# Integral volume

• January 25th 2011, 11:22 PM
menco
Integral volume
I have the following problem. I need to find the volume of a solid that is obtained when the region under the curve y = 1-(x^2/16) is revolved around the x axis between x=-4 and x=4

So far i have: pi (integral 4,-4) (1-(x^2/16))^2 dx

Any help would be appreciated
• January 26th 2011, 12:52 AM
Sudharaka
Quote:

Originally Posted by menco
I have the following problem.
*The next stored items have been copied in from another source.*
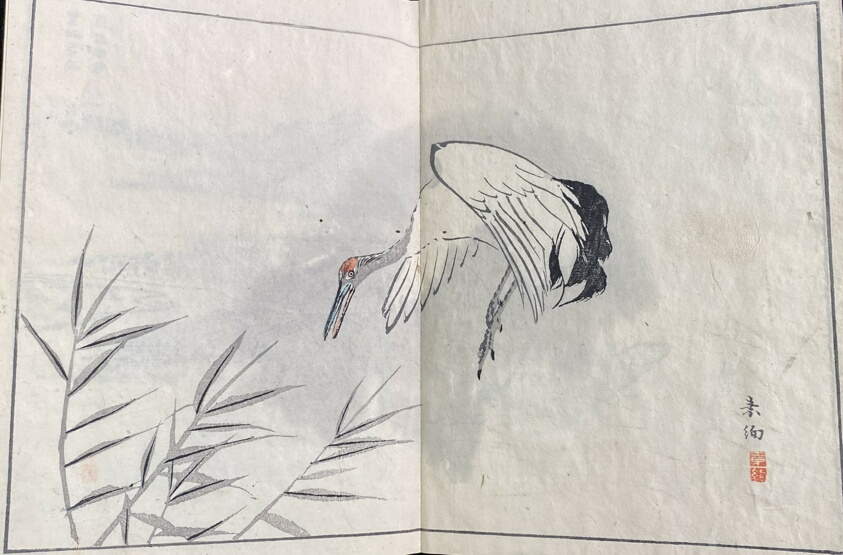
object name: Book
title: Keisei gaen/Keijo Gaen (A Garden of Pictures from the Capital)
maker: Artist unknown (Japanese)
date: 1814
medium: Woodblock-printed book
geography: Japan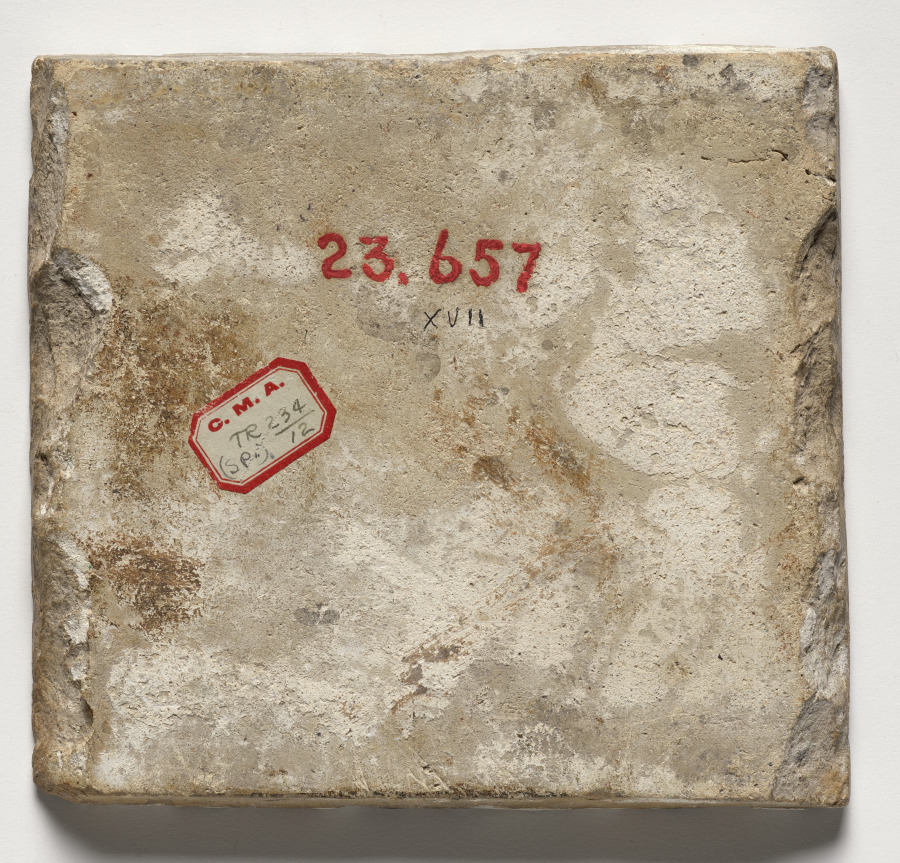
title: Wall Tile–Knight on Horseback
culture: Spain
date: c. 1600s
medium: glazed ceramic
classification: Ceramic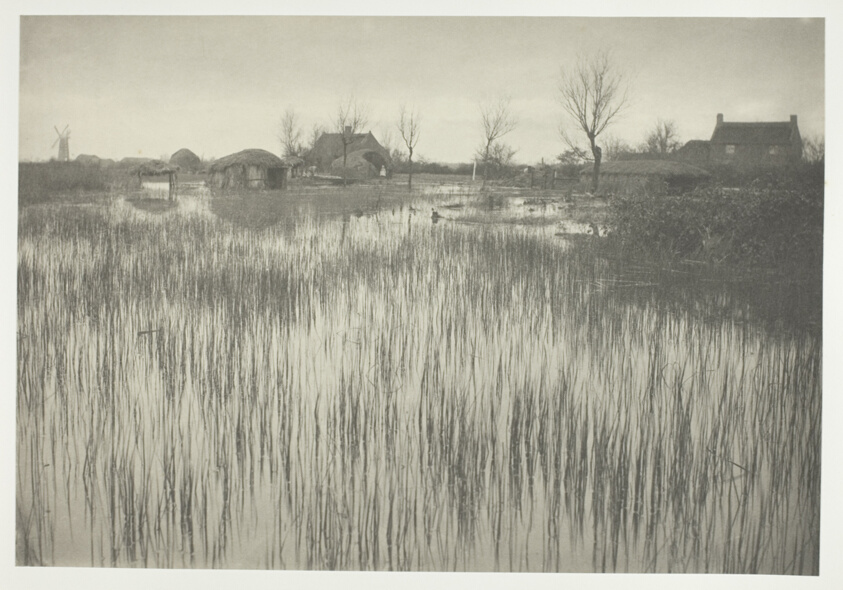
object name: Photograph
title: A Rushy Shore
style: 19th century
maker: Peter Henry Emerson (English, born Cuba, 1856–1936)
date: 1886
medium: Platinum print, pl. XXXV from the album "Life and Landscape on the Norfolk Broads" (1886)
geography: England
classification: platinum print; photographic process; photography; photograph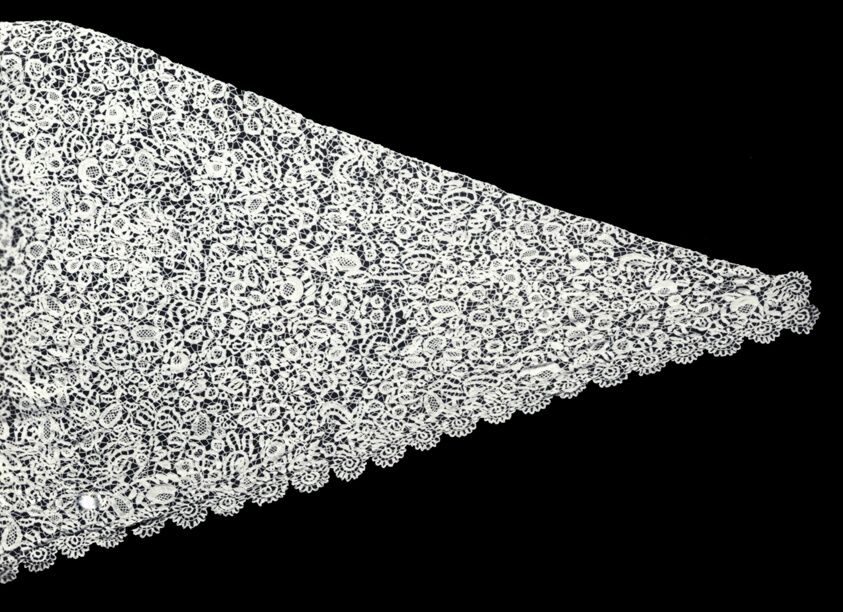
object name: Textile
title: Half Shawl
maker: England, Honiton
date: 1850s/60s
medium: Cotton, bobbin part lace of a type known as "Honiton" with clothwork tape and plaited bar ground
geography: England
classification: textile; lace - bobbin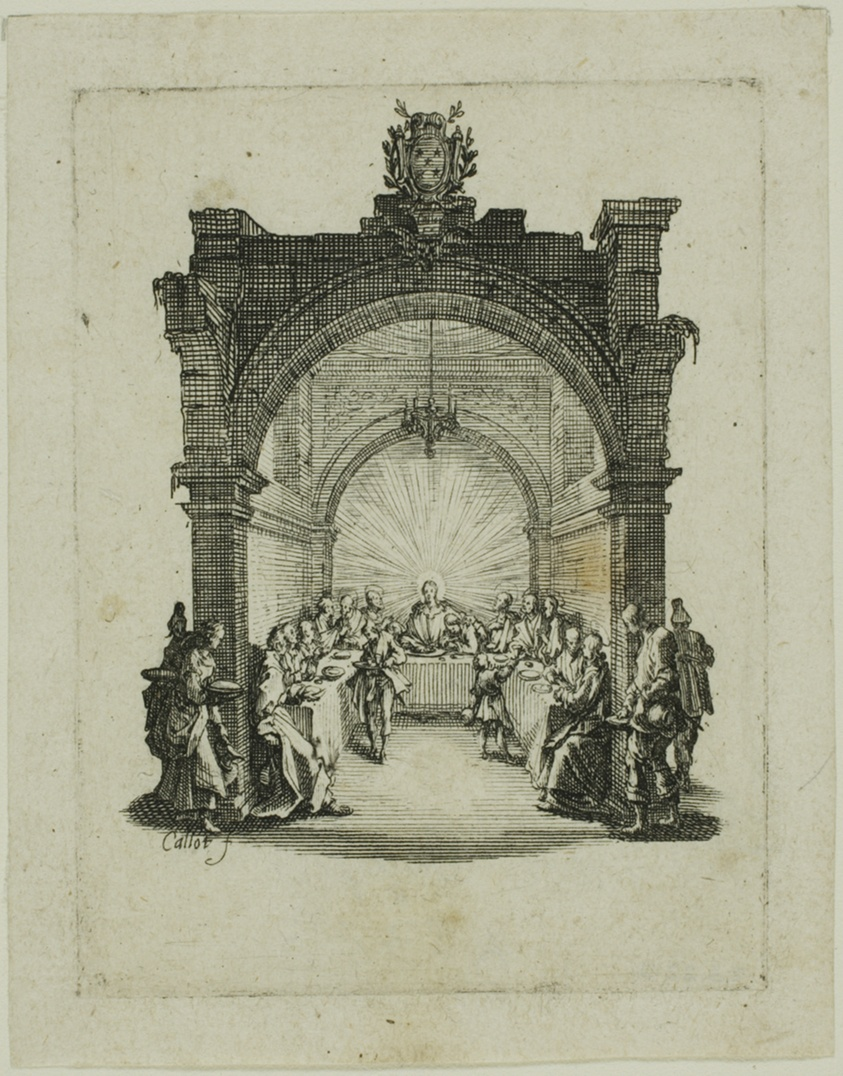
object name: Print
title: The Last Supper, from The Small Passion
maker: Jacques Callot (French, 1592-1635)
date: 1624/31
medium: Etching on ivory laid paper
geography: France
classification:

I need to find the volume of a solid that is obtained when the region under the curve y = 1-(x^2/16) is revolved around the x axis between x=-4 and x=4

So far i have: pi (integral 4,-4) (1-(x^2/16))^2 dx

Any help would be appreciated

Dear menco,

$V=\displaystyle\pi\int_{-4}^{4}\left(1-\frac{x^2}{16}\right)^2dx$

All you have to do is expand the brackets and integrate.

$V=\displaystyle\pi\int_{-4}^{4}\left(1-\frac{x^2}{8}+\frac{x^4}{256}\right)dx$

$V=\displaystyle\pi\left(\int^4_{-4}dx-\int^4_{-4}\frac{x^2}{8}dx+\int^4_{-4}\frac{x^4}{256}dx\right)$

Hope you can continue.
• January 26th 2011, 01:19 AM
menco
I went through it and as far as i know I find the derivative of the integral then substitube 4 for x and minus -4 for x

I get a final result of 15.56919154 units
• January 26th 2011, 04:53 AM
Sudharaka
Quote:

Originally Posted by menco
I went through it and as far as i know I find the derivative of the integral then substitube 4 for x and minus -4 for x

I get a final result of 15.56919154 units

The correct answer should be, $\dfrac{64\pi}{15}=13.40412865531645$
• January 27th 2011, 08:58 PM
menco
Well i figured it out however i couldnt work out how you got (64pi/15) I just got (pi x 4.26')

Thanks for the help
• January 28th 2011, 04:14 AM
Sudharaka
Quote:

Originally Posted by menco
Well i figured it out however i couldnt work out how you got (64pi/15) I just got (pi x 4.26')

Thanks for the help

Used a computer algebra system. You could do it by hand but it would take a lot of time because you have to deal with huge fractions.